Tim Cook, o diretor executivo da Apple, proibiu o seu sobrinho de aderir a uma
rede social. Bill Gates proibiu os seus filhos de utilizarem telemóveis antes
dos catorze anos; Steve Jobs impediu os seus filhos de se aproximarem de um
iPad e disse uma vez: “Em casa, restringimos a quantidade de tecnologia
que as crianças utilizam.
Esta tendência para restringir a utilização de dispositivos
informáticos, e especialmente de smartphones, nas escolas espalhou-se por todo
o mundo. Alguns países (a Suécia, por exemplo), que foram os impulsionadores da
educação virtual e transformaram os seus sistemas educativos para os adaptar a
esta tecnologia, decretaram mesmo o regresso à educação com quadro, lápis e
caderno, tendo em conta os resultados nefastos em todos os domínios (perda de
atenção, apatia, doenças físicas e mentais, aumento do suicídio, diminuição da
motricidade, individualismo, diminuição da capacidade de leitura, incapacidade
de concentração numa coisa durante um determinado período de tempo...).
E também na Colômbia tem havido uma saudável determinação em restringir o uso de telemóveis na sala de aula.

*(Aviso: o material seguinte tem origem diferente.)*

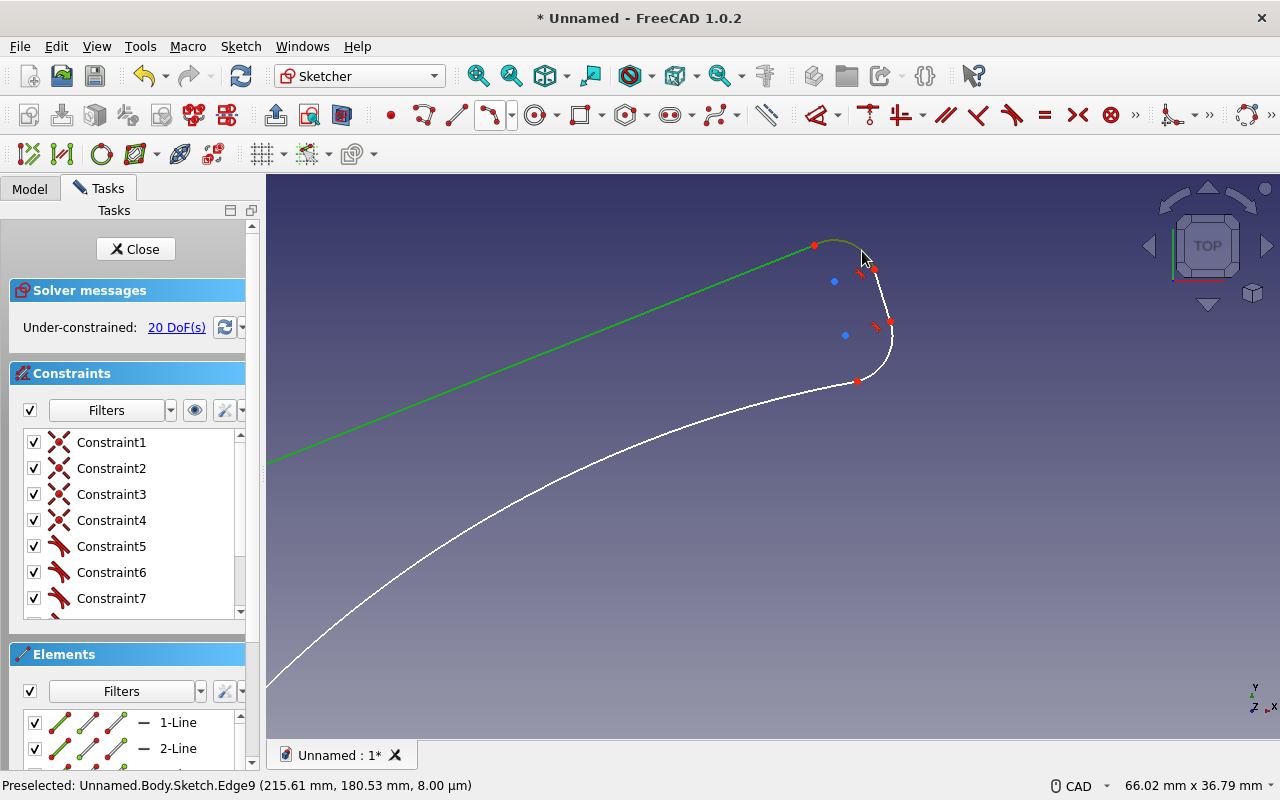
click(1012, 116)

De facto, em maio, 27 escolas associadas à UNCOLI (União de Escolas Internacionais de Bogotá) anunciaram uma restrição ao uso de dispositivos móveis (telemóveis, relógios inteligentes e dispositivos semelhantes). A restrição abrangeria todo o horário escolar, incluindo o tempo que os alunos passam nos percursos escolares.
A declaração
dizia: “Acreditamos firmemente na importância de oferecer aos nossos
alunos uma pausa dos dispositivos digitais, dando-lhes a oportunidade de viver
pelo menos 8 horas por dia livres das influências negativas desses
dispositivos. [...] Existe um consenso claro entre todos nós sobre o impacto
negativo dos dispositivos móveis no ambiente educativo e, acima de tudo, no
bem-estar dos estudantes”. A UNCOLI salienta que a investigação existente “é
conclusiva e mostra que a presença destes dispositivos durante o dia escolar
tem efeitos adversos na saúde mental, contribui para o desenvolvimento de
comportamentos aditivos, reduz a qualidade das interacções sociais, diminui o
interesse pela atividade física, aumenta o bullying e o cyberbullying, bem como
gera uma diminuição significativa do desempenho académico”.

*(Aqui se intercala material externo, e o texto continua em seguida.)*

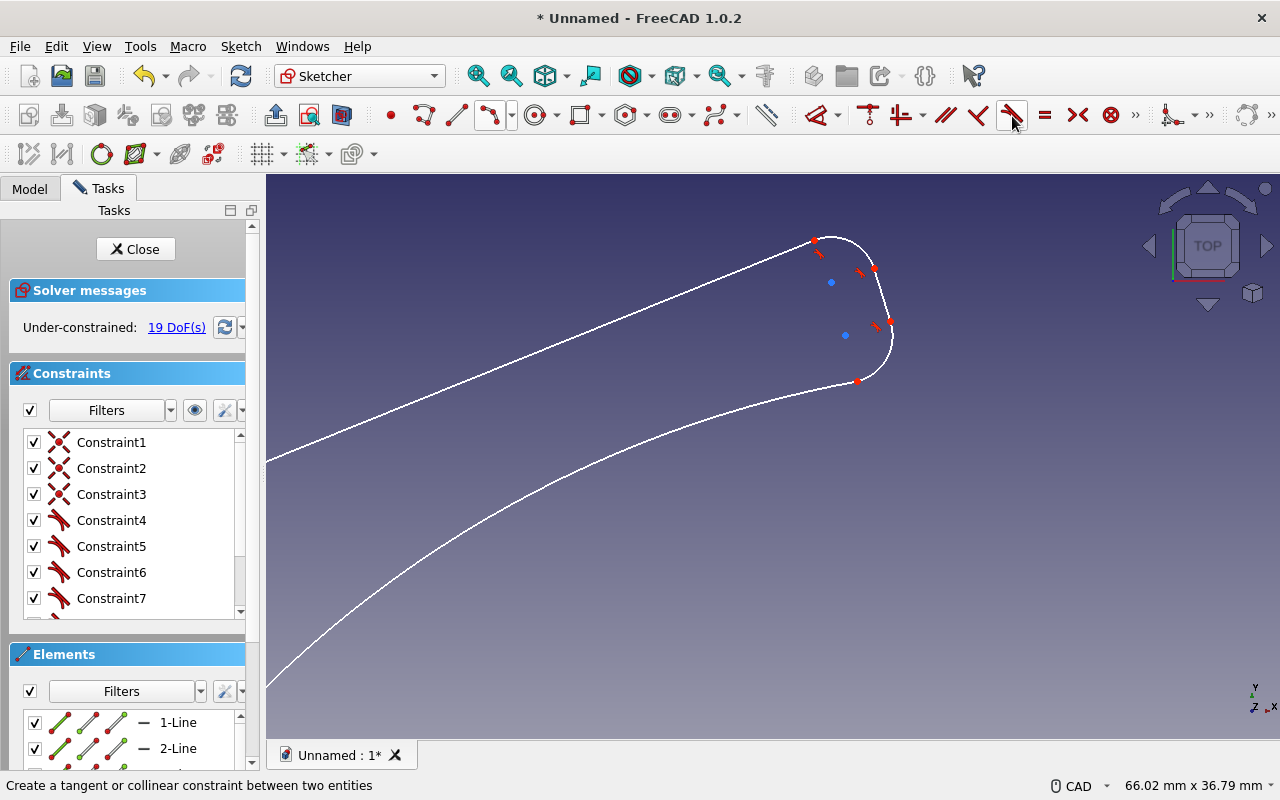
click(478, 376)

Esta é uma determinação de um grupo de escolas públicas, mas que
deveria ser seriamente considerada pela comunidade educativa, sobretudo a
ligada ao sector público, para abrir a discussão sobre os efeitos nefastos da
pandemia digital entre crianças e jovens, uma questão sobre a qual as pessoas
não querem pensar, fruto do fetichismo do smartphone que se instalou no mundo
atual.
Não é surpreendente que seja nas escolas onde estudam os filhos dos
supermilionários de Bogotá e da Colômbia que o uso de telemóveis tenha sido
restringido, porque em Silicon Valley, como vimos, os gurus do sector tecnológico
proíbem o uso de telemóveis em casa antes dos 14 anos e matriculam os seus
filhos em escolas onde são ensinados de forma convencional: com giz, quadro,
cadernos e textos em papel.
Mas isto indica um outro aspeto, menos mencionado, que deve ser
sublinhado: como empresários, os gurus da informática falam maravilhas
dos aparelhos que vendem – escondendo consciente, premeditada e desonestamente
os seus efeitos negativos – enquanto que, como pais, e querendo ser bons pais,
recusam que os seus filhos utilizem estes aparelhos na infância e na juventude,
para evitar os problemas que eles trazem e para não os prejudicar para o resto
das suas vidas.
Isto indica que, num sector dos gurus da informática, existe a
consciência do efeito destrutivo do smartphone, mas eles agem com a lógica
criminosa de envenenar uma grande parte da humanidade e de manter os seus
familiares afastados deste perigo tóxico.